17 Patient Counseling Information



Advise the patient to read the FDA-approved patient labeling (Patient Information).

  • Inform the patient, parent or guardian of the benefits and risks associated with vaccination.
  • Tell the patient, parent or guardian that vaccination with PNEUMOVAX 23 may not offer 100% protection from pneumococcal infection.
  • Provide the patient, parent or guardian with the vaccine information statements required by the National Childhood Vaccine Injury Act of 1986, with each immunization.
  • Instruct the patient, parent or guardian to report any serious adverse reactions to their health care provider who in turn should report such events to the vaccine manufacturer or the U.S. Department of Health and Human Services through the Vaccine Adverse Event Reporting System (VAERS), 1-800-822-7967, or report online at www.vaers.hhs.gov.

Principal Display Panel - 5 Dose Vial Carton



NDC 0006-4739-00

One 5-Dose Vial
(0.5 mL/dose)

Pneumococcal
Vaccine
Polyvalent
PNEUMOVAX® 23

Do not use in children less
than 2 years of age.

Each 0.5-mL dose contains
25 mcg of polysaccharide from
each pneumococcal capsular type.

Contains phenol 0.25% added
as preservative.

FOR SYRINGE USE ONLY

Rx only


Principal Display Panel - 10 Dose Vial Carton



NDC 0006-4943-00
10 Single-Dose 0.5-mL Vials

Pneumococcal Vaccine Polyvalent
PNEUMOVAX®23

Do not use in children less than 2 years of age.

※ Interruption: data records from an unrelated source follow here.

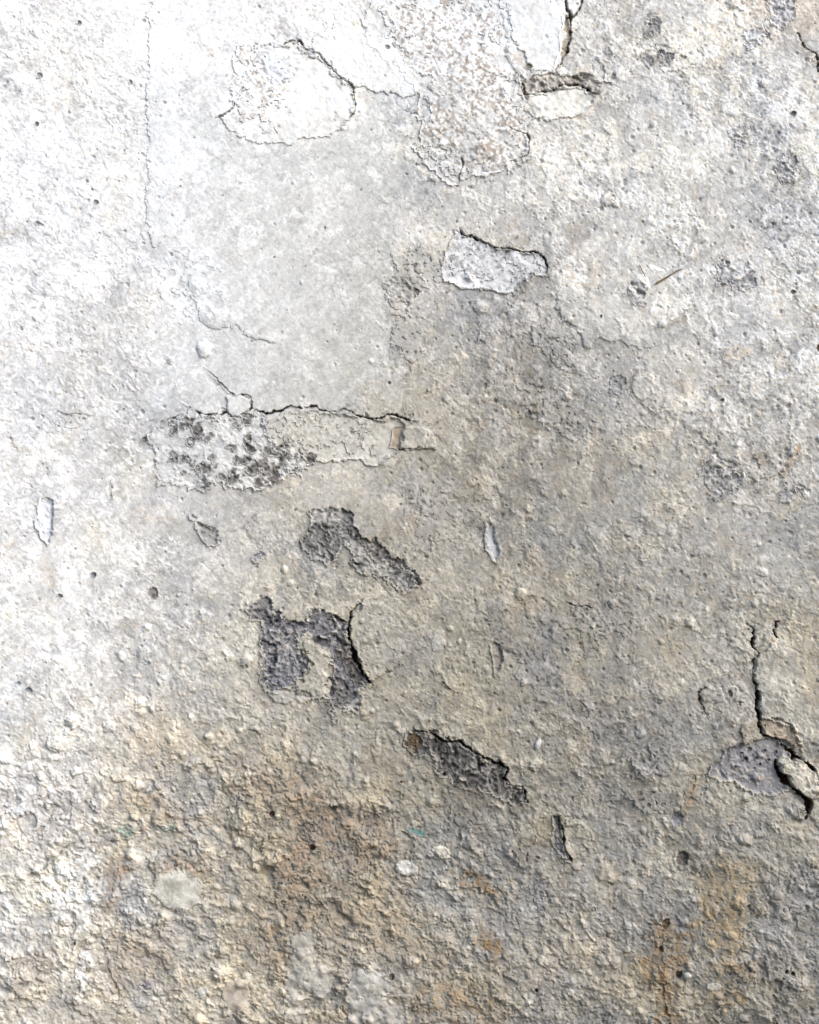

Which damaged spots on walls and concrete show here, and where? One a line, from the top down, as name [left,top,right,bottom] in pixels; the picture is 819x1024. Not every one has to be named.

peeling [219,0,603,186]
peeling [441,223,554,295]
peeling [141,394,437,493]
spalling [300,505,423,595]
spalling [245,595,416,724]
spalling [399,725,529,807]
flaking render [699,642,819,829]
crack [738,620,817,820]
flaking render [551,814,595,863]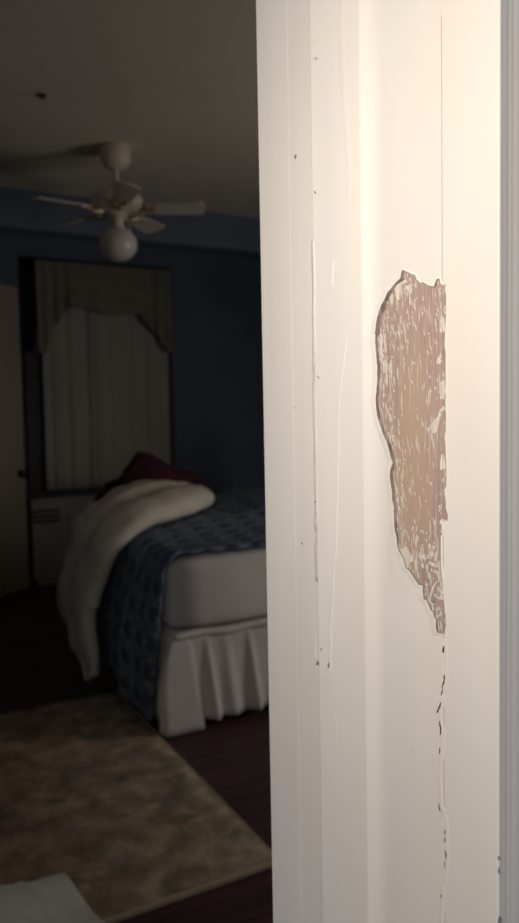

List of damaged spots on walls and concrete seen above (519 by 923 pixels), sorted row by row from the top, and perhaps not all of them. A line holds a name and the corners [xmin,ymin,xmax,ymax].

peeling [369,267,450,637]
crack [436,637,450,923]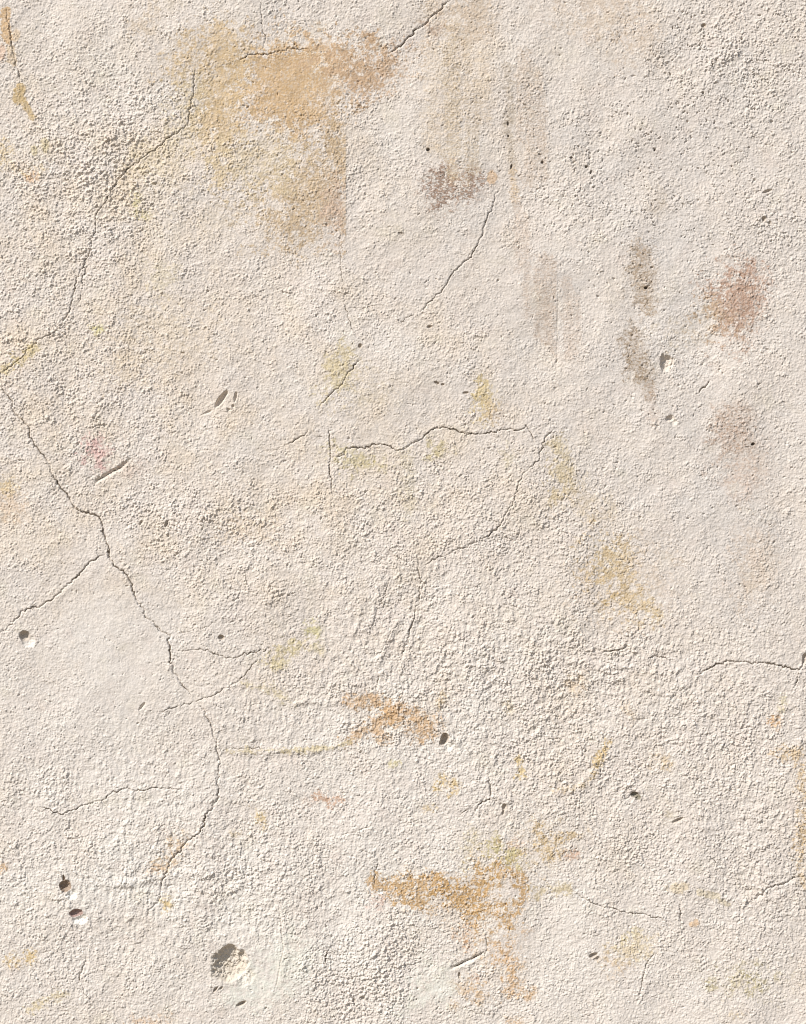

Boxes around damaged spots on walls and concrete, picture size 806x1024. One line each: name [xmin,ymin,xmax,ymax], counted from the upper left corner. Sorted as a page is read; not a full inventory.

water stain [66,0,680,433]
crack [400,204,494,324]
crack [1,55,266,911]
rust [224,686,452,771]
crack [260,425,556,692]
crack [697,661,804,692]
rust [357,734,619,1024]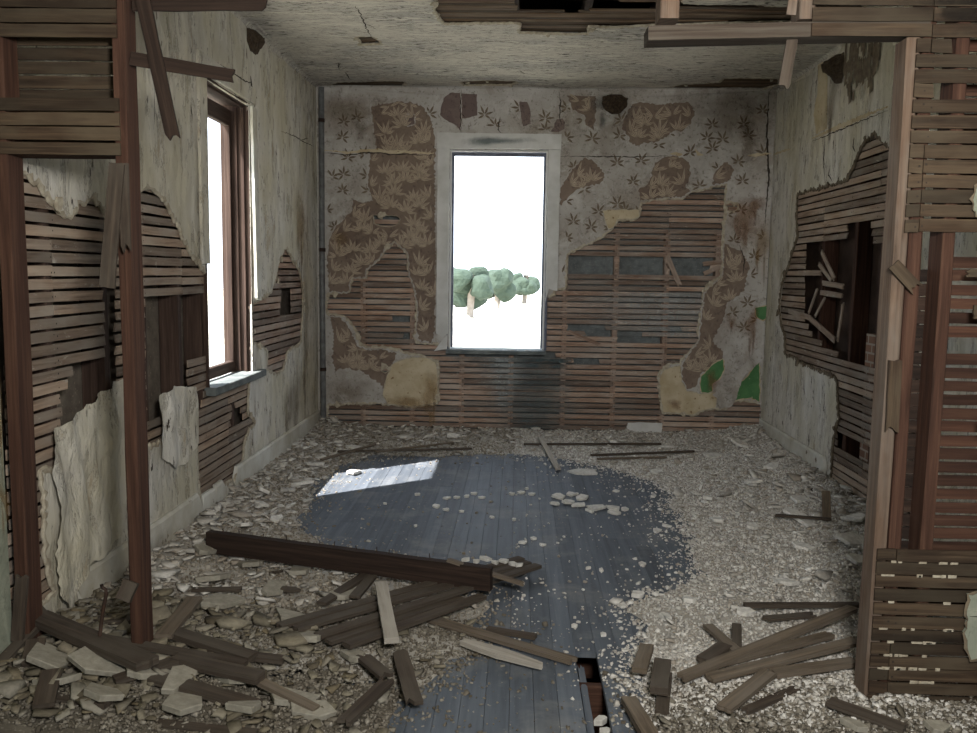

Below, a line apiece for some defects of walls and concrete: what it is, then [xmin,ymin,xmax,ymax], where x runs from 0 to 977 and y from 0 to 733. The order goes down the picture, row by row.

Each 0.5-mL dose contains 25 mcg of polysaccharide from each pneumococcal capsular type.
Contains phenol 0.25% added as preservative.

Rx only
FOR SYRINGE USE ONLY


Principal Display Panel - 0.5-Ml Syringes Carton



NDC 0006-4837-03

10 Single-dose 0.5-mL Syringes

Pneumococcal
Vaccine Polyvalent
PNEUMOVAX®23

Do not use in children less than 2 years of age.
Each prefilled syringe contains 25 mcg of polysaccharide
from each pneumococcal capsular type.
Contains phenol 0.25% added as preservative.